--- Work to be completed ---
Lines with the word "februari" in them are the ones to copy from the records.
=-=-=-=-=
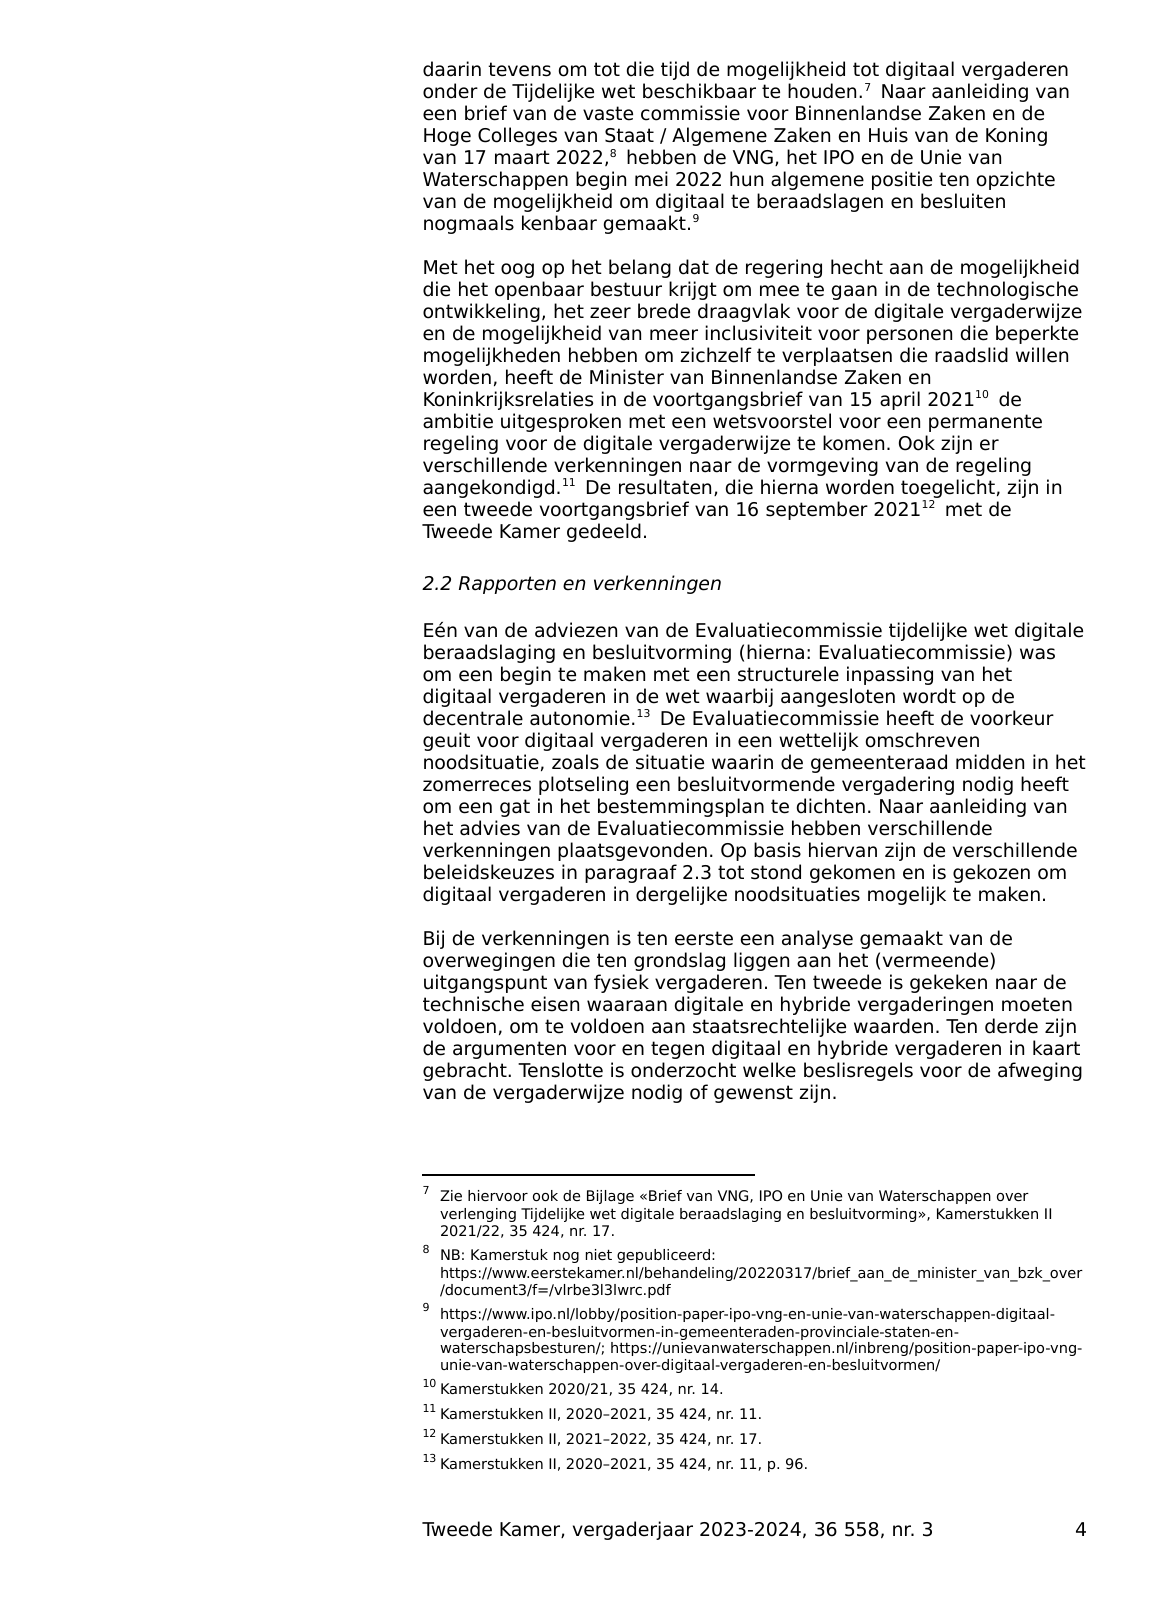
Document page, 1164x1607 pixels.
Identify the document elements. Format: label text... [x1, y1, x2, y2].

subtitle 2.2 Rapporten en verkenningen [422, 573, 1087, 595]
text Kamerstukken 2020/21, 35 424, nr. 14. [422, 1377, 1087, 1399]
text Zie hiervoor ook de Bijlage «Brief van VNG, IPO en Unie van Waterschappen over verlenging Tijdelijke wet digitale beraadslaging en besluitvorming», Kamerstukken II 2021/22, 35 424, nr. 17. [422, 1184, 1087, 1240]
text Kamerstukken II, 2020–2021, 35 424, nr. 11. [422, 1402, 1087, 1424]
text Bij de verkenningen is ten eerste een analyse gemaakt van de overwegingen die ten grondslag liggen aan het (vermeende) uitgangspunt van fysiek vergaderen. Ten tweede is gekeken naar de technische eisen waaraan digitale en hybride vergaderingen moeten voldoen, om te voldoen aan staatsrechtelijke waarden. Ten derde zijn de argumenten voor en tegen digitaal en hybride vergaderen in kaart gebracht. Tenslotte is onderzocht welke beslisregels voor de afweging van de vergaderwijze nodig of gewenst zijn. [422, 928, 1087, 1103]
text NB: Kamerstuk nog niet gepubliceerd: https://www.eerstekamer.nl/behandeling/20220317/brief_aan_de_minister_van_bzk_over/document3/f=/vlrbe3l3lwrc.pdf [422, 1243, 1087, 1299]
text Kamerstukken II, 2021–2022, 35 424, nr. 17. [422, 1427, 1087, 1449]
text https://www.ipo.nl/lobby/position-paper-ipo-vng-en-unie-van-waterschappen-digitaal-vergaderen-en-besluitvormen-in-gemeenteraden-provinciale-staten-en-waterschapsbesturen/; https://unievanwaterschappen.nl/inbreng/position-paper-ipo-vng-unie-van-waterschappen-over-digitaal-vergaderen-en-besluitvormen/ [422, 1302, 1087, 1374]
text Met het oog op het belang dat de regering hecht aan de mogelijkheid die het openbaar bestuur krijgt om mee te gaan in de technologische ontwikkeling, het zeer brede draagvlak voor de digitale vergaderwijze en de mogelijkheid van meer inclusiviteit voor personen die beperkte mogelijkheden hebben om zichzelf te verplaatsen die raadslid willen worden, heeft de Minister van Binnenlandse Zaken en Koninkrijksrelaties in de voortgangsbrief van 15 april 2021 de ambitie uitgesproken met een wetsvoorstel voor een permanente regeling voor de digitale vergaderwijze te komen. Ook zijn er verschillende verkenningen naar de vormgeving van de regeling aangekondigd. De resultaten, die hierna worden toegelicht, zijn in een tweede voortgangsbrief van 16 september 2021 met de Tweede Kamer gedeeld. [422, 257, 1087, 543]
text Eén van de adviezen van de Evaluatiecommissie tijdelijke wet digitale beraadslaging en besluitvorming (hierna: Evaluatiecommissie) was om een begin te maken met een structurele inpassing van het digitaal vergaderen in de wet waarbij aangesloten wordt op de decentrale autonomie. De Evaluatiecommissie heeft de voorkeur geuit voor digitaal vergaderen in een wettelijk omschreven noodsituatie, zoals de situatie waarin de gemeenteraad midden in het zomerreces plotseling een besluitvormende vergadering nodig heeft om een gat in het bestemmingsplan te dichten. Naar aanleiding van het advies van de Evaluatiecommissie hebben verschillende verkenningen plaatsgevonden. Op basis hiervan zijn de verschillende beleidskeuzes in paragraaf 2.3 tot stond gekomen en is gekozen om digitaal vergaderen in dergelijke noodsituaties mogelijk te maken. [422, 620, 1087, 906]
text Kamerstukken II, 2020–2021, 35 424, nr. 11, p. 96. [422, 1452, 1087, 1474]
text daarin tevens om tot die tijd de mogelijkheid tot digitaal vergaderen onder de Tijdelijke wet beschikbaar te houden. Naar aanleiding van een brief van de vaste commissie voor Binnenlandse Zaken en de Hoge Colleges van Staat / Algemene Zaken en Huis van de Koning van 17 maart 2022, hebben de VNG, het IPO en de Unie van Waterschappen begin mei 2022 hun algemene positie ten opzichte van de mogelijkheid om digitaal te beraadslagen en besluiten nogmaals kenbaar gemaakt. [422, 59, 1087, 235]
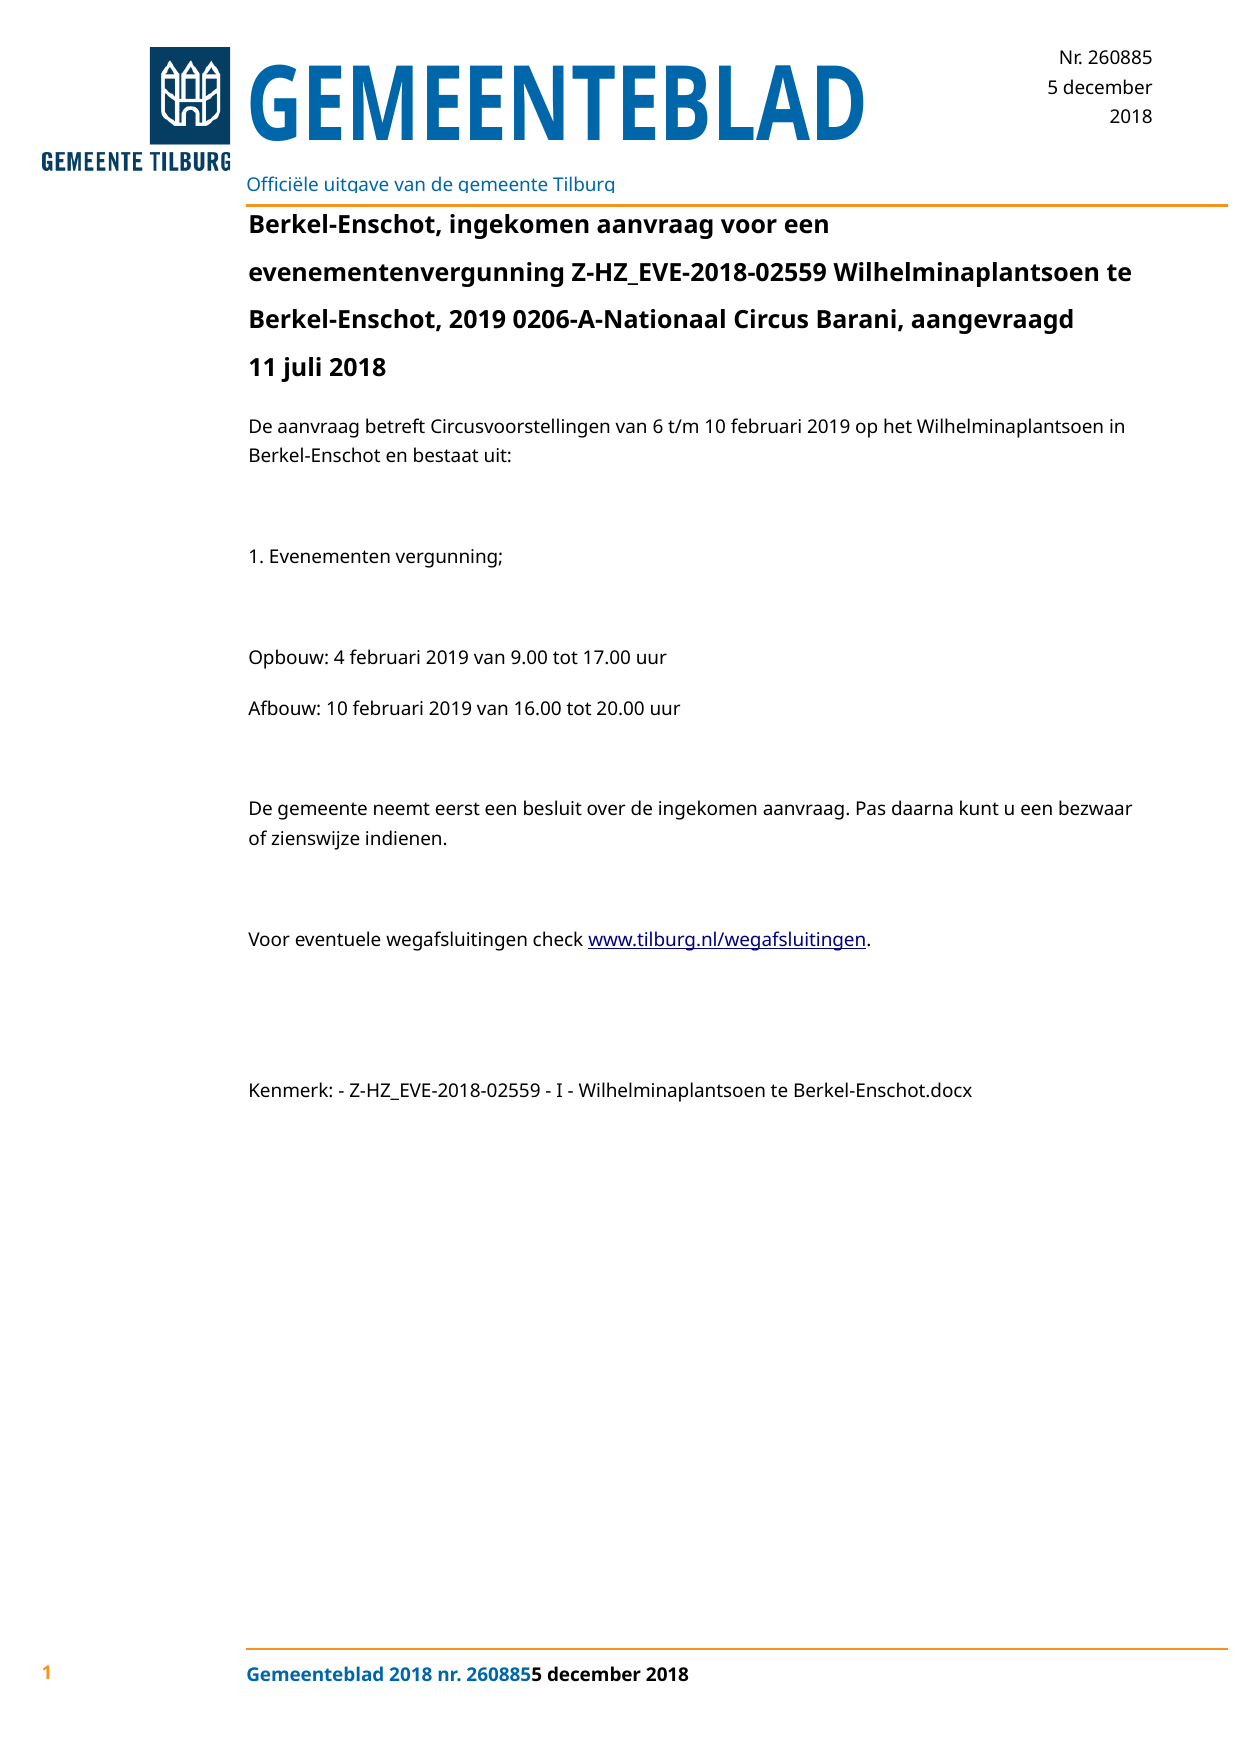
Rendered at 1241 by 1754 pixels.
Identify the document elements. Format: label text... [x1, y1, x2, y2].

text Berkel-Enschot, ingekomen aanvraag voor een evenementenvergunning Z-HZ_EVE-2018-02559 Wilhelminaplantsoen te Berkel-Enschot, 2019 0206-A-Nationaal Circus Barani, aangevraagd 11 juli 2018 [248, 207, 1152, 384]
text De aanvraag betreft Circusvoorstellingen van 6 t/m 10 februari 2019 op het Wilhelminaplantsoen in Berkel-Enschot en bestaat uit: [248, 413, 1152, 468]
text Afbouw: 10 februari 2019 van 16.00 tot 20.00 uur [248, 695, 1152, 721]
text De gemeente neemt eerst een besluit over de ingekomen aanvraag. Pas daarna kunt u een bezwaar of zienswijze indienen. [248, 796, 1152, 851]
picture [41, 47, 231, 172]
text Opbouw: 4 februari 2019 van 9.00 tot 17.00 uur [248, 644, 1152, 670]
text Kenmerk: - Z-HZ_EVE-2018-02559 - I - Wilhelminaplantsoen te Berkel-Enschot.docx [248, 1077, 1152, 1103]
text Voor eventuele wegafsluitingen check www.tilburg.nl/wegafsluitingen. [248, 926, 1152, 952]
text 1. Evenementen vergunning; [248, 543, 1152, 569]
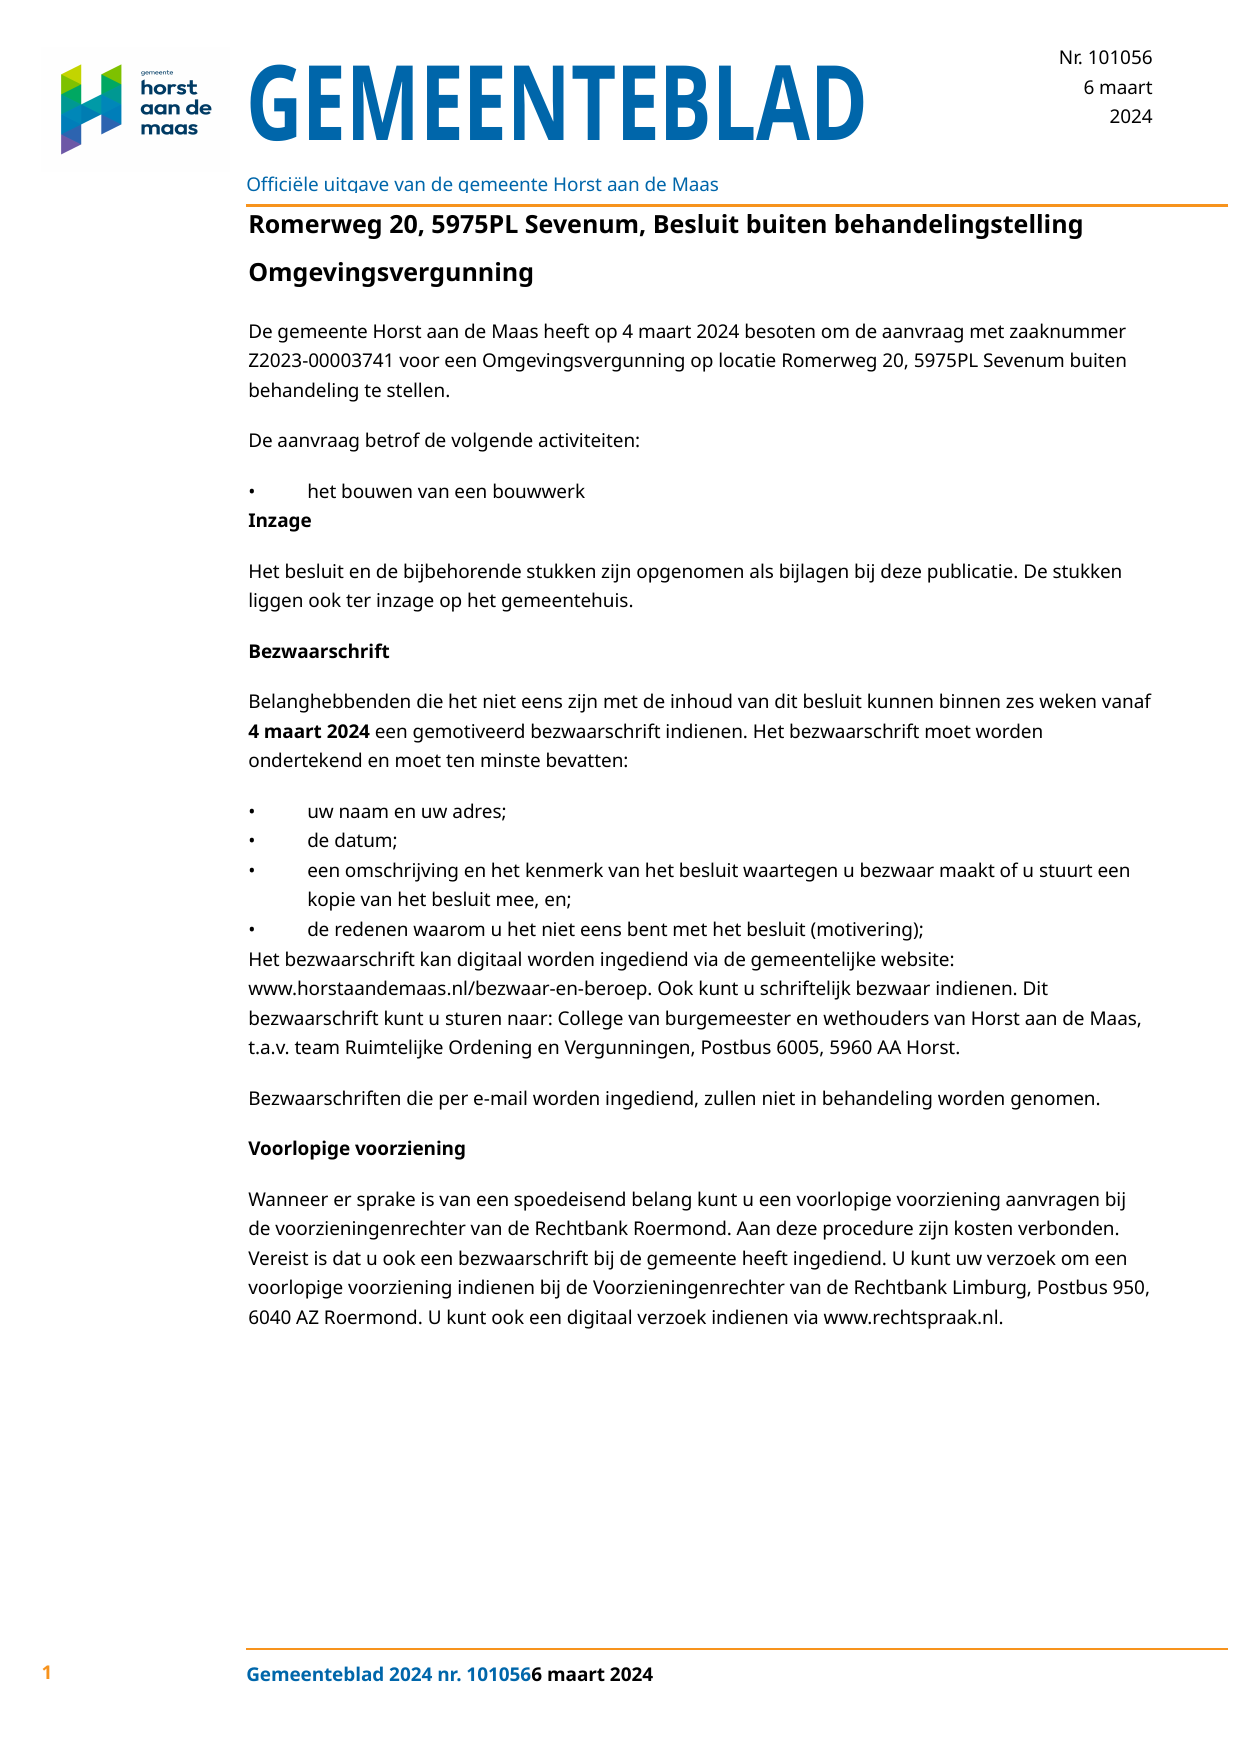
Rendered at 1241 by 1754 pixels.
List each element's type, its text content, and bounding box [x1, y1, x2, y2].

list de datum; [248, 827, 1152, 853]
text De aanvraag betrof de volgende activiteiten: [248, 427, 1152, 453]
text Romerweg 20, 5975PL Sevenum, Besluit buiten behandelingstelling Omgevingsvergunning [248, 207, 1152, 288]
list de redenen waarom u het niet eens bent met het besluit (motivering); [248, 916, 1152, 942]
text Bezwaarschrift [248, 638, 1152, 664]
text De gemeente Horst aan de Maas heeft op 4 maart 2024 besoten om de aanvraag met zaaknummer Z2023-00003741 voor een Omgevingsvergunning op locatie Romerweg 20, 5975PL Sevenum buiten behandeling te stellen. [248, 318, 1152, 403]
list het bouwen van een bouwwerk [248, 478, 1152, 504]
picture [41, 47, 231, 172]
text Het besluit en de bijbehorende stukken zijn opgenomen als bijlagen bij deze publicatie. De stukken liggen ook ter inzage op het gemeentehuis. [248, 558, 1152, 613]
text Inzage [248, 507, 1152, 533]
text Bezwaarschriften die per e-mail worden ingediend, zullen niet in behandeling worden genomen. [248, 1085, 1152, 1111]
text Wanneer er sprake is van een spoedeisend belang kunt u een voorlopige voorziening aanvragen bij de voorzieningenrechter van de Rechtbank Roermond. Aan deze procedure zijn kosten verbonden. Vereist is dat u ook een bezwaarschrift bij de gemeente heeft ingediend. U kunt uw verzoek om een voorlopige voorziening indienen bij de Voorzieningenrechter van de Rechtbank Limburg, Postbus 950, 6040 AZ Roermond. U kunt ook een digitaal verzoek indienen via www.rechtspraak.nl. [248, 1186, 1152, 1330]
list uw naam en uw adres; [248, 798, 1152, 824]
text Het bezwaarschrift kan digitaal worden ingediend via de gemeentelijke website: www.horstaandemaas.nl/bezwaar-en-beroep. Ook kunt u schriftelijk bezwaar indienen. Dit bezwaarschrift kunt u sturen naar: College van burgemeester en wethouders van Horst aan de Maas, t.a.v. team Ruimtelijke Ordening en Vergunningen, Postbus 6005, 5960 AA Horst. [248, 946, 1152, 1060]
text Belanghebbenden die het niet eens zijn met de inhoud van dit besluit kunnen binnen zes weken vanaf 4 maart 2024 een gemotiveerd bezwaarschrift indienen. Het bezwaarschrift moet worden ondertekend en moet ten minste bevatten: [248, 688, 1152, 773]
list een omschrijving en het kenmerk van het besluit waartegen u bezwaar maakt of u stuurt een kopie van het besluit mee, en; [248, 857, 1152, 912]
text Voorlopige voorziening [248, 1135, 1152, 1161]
=-=-=-=-=
--- Solution to this exercise ---
text De aanvraag betreft Circusvoorstellingen van 6 t/m 10 februari 2019 op het Wilhelminaplantsoen in Berkel-Enschot en bestaat uit: [248, 413, 1152, 468]
text Afbouw: 10 februari 2019 van 16.00 tot 20.00 uur [248, 695, 1152, 721]
text Opbouw: 4 februari 2019 van 9.00 tot 17.00 uur [248, 644, 1152, 670]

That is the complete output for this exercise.